The German system of higher education is deeply rooted in the 19th century. It is based on the Humboldt ideal of an independent research institution. With the ascent of the German language in the 19th century one doesn’t have to search for long to find many indicators for internationalisation of science – and of German science in particular – in that period. At the end of the 19th century more than 50% of all quotations in US-periodicals were in German (Ammon 1999:46), still in the 20ies of the 20th century more than 50% of the quoted literature in publications of chemistry was referring to German, another 10% to French and about 15% to English. (Ammon in: Hoberg 2002:140). The renewed “De-internationalisation” of higher education and science was thus rather an effect of world war II and the reciprocal boycott of British, French and German science during the war followed by the disregard of “eastern” respectively “western” science in the cold war period. Nevertheless the German academic exchange service DAAD was re-founded just a few years after the war in 1950 and almost all German universities have had since the late 50ies, beginning of the 60ies an International Office (Akademisches Auslandsamt, AAA). Latest since the end 60ies internationalisation took a new upswing. Thus, what’s new about internationalisation?

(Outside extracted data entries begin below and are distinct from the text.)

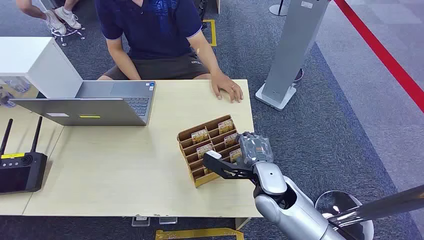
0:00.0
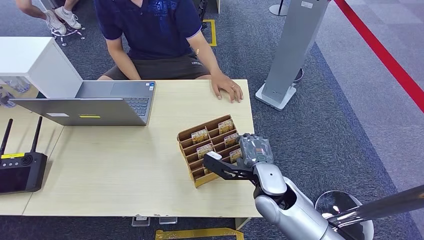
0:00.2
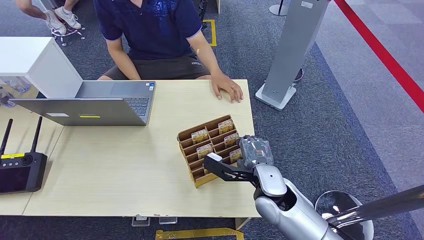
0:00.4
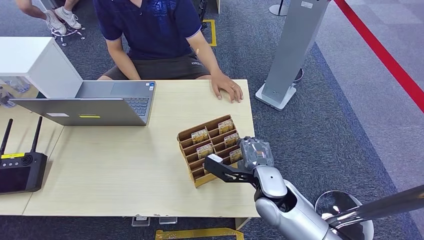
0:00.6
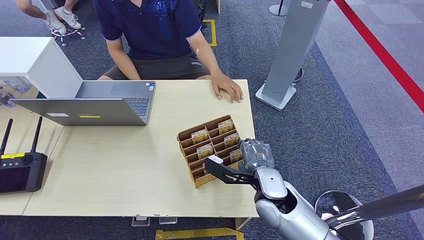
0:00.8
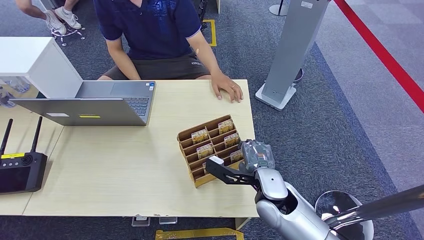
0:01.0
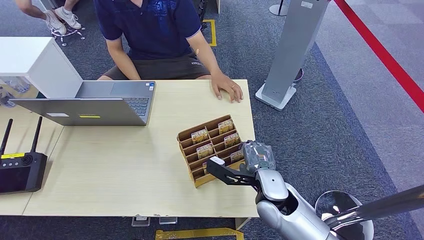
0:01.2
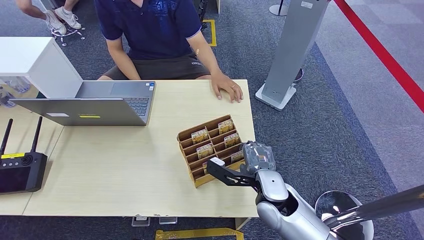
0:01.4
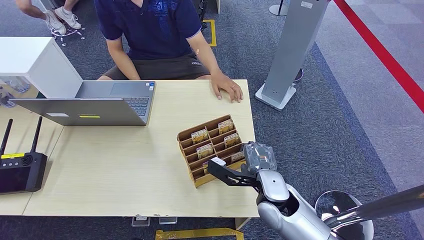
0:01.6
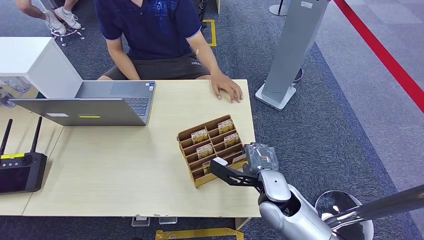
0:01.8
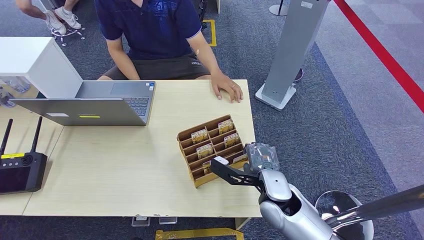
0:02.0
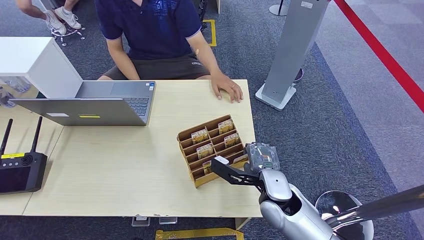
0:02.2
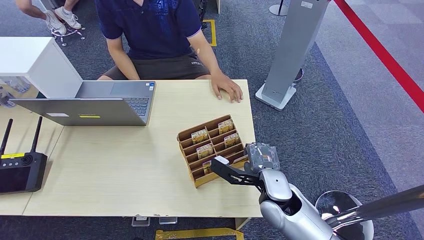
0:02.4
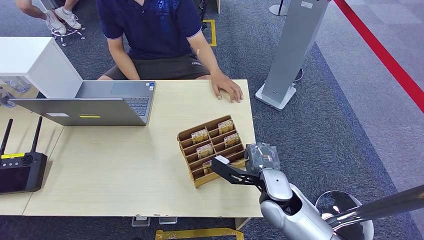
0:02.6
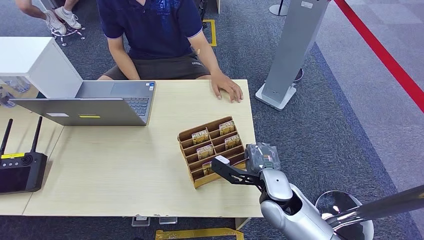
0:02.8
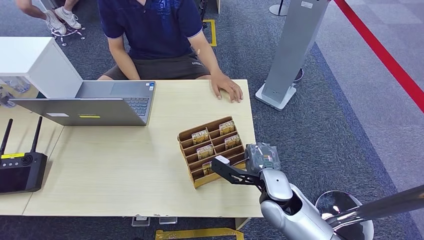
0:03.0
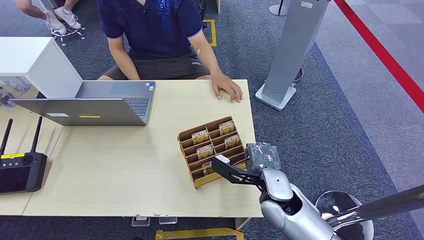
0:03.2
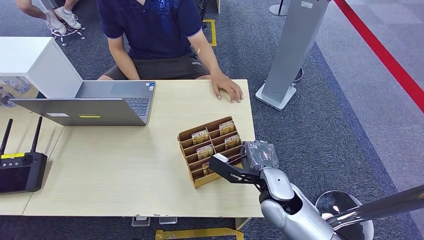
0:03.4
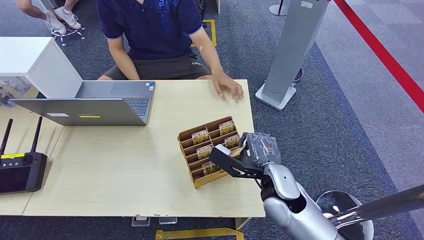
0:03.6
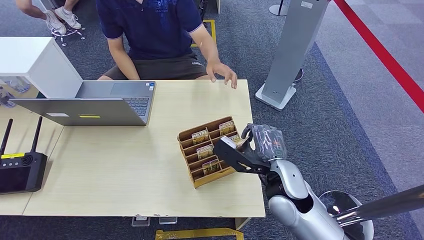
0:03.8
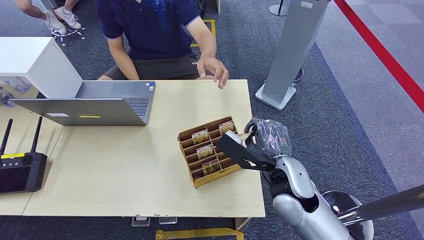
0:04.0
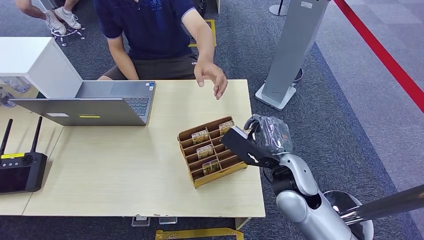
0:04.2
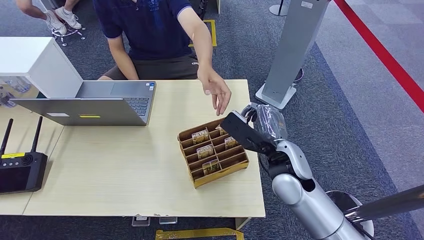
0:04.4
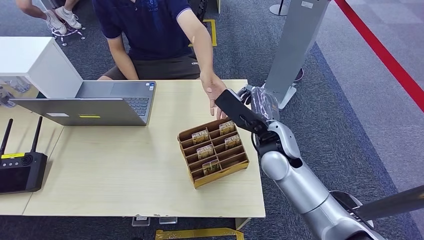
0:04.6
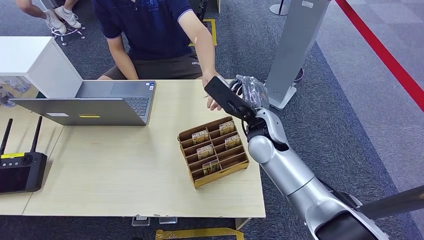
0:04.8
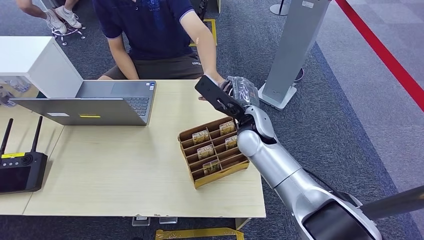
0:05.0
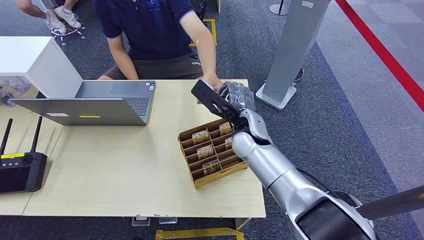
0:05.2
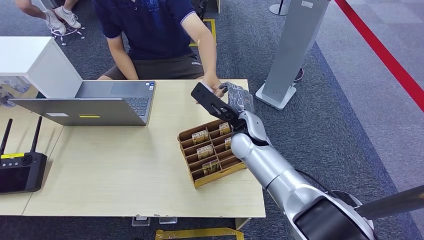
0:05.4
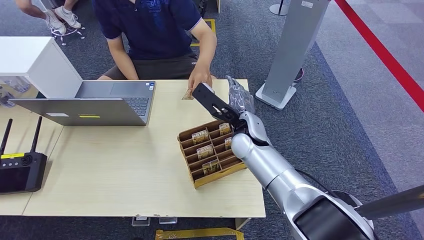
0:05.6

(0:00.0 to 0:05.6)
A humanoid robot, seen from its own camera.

The interpretation of the term “internationalisation” Knight refers to is indeed a fairly new one, altering the aim of internationalisation from a rather implicit objective of universities and science to an explicit, strategy-bound goal. Internationalisation is no longer a purpose of science in itself, that is referring to the universality of “university”, but it is following economical and political guidelines with institutions of HE as suppliers of a certain good.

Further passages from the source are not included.